- Born: c. 1791
- Died: February 27, 1810 (aged 18–19) Sydney, Australia
- Other names: Mary Bruce
- Father: Te Pahi

= Te Atahoe =

Ngāpuhi official

Te Atahoe (c. 1791 – 27 February 1810) was a daughter of the Ngāpuhi chief Te Pahi. Te Pahi was one of the senior chiefs of the north-western Bay of Islands. He was the son of Wharerau, a descendant of the ancient ancestral Ngati Awa, Nga Puhi, Ngati Rehia, and Te Hikutu and Ngati Rua. Te Atahoe lived at Te Puna in the Rangihoua Bay area of the Bay of Islands and was also known as Mary Bruce.

== Life ==
As a teenager, between 1806 and 1808, Te Atahoe was given in 'marriage' by her father to a former convict, Englishman George Bruce. Bruce had been a crew member on a voyage from Sydney to New Zealand in 1806 during which Te Pahi had fallen ill and Bruce had cared for him.

In 1807 Te Atahoe accompanied Bruce on the General Wellesley, a ship travelling to North Cape. However, the ship's captain, Captain Dalrymple, instead of returning the pair to the Bay of Islands, sailed for India via Malacca.

Arriving in Malacca in December 1808, Bruce disembarked to lay a complaint about Dalrymple's behaviour, but while he was ashore Dalrymple left for Penang, with Te Atahoe on board. Bruce met the ship at Penang and the couple returned to Malacca to wait for a ship destined for New Zealand. As no ship was found, they instead sailed for Calcutta in late 1809, seeking a passage home. They found and joined the ship Union, which was sailing to Tasmania and then Sydney; only a few days after leaving Calcutta, Te Atahoe gave birth to a daughter, Mary. Te Atahoe contracted dysentery while in Sydney however, and died on 27 February 1810.

Mary was placed with the Female Orphan School in Sydney and George Bruce returned to England, where he died in 1819 at the age of 40. Thomas Kendall and Samuel Marsden mention Mary in letters to the Church Missionary Society in 1815 and 1816 suggesting that Bruce tried to return to Sydney and his daughter Mary, but was denied entry to the colony by Governor Macquarie. In 1816 Kendall wrote "George Bruce, whom you mention in your letter would not in my opinion do any good here. The woman he cohabited is dead. The child is in the Orphan School at Sydney. It is better provided for that he could provide for it."
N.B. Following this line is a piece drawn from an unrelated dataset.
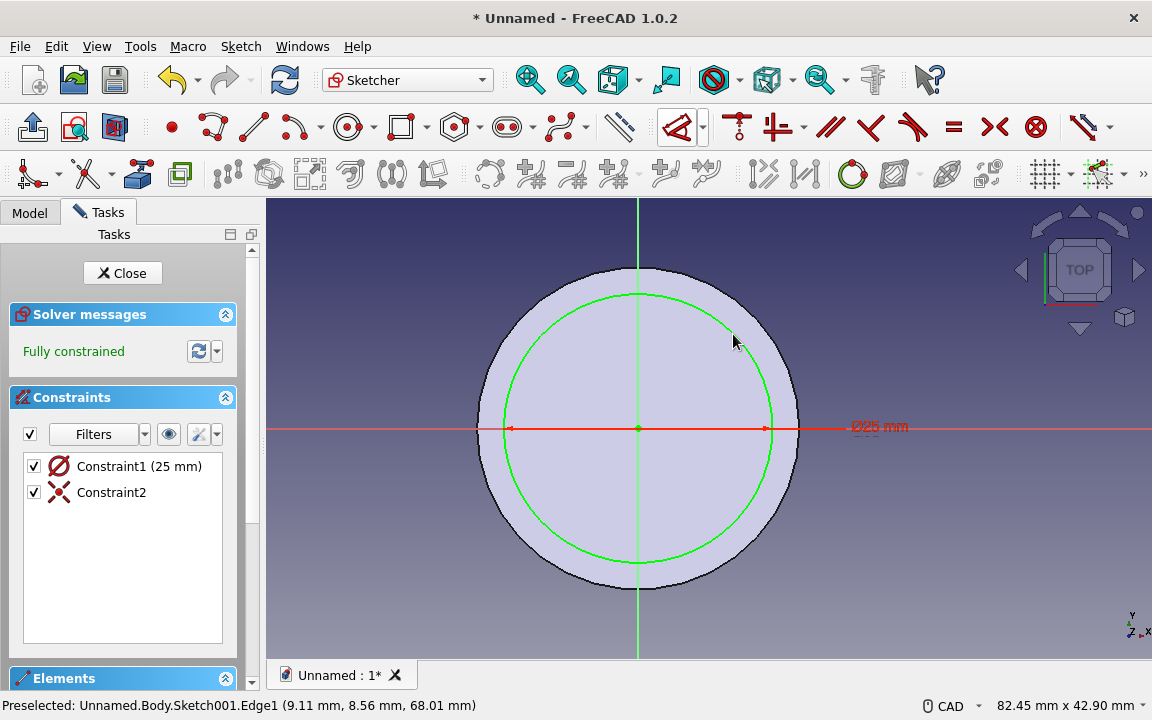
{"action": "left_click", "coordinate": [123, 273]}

There is some suggestion that having Mary at the Orphan School meant that she, as a high ranking granddaughter of a senior Maori Chief, could possibly be used as collateral if hostilities broke out between the Port Jackson traders and Maori in the Bay of Islands and Hokianga regions. She was the granddaughter of Te Pahi and the niece of Ruatara, Kawiti and Hongi Hika, all Chiefs in their own right and important trading partners to the colony.

Mary was one of the first orphans at the new Female Orphan School at Parramatta, now the Whitlam Centre, Western Sydney University. She became a teacher at the school and in 1828 married a former convict, James Tucker; Samuel Marsden officiated at the ceremony, at St Johns Church, Parramatta.

Te Atahoe was buried at the Old Sydney Burial Ground which is now the site of Sydney Town Hall. When construction began on the Town Hall, she was exhumed and taken to Haslams Creek, which became Rookwood Necropolis. Her death notice was placed in the Sydney Gazette on 3 March 1810 and states that she died at 4am in the home of a Frances McKuen. Her headstone read "Sacred to the memory of Mary Bruce, a Princess of New Zealand who departed this life Feb 27 1810. Aged 18 years. Good Christians all who see this tomb, what I am come to is your doom. These words is true I do lay. The secret that is between this soul and the no mortal soul that's all in the life. Will never know the secret between me and my wife. Tho she is gone and I am here. Never till our souls before the Lord does appear. When we are there both great and small. God will discover our secrets all."

== Legacy ==
On 23 October 2014 at the front of the Whitlam Institute (the former Female Orphan School), members of the Australian Maori community, Nga Puhi elders from the Runanga an Iwi O Nga Puhi and the Director of the Whitlam Institute, Eric Sidoti, took part in a ceremony to honour and remember Te Atahoe and her daughter Mary, who arguably was the first Australian Maori.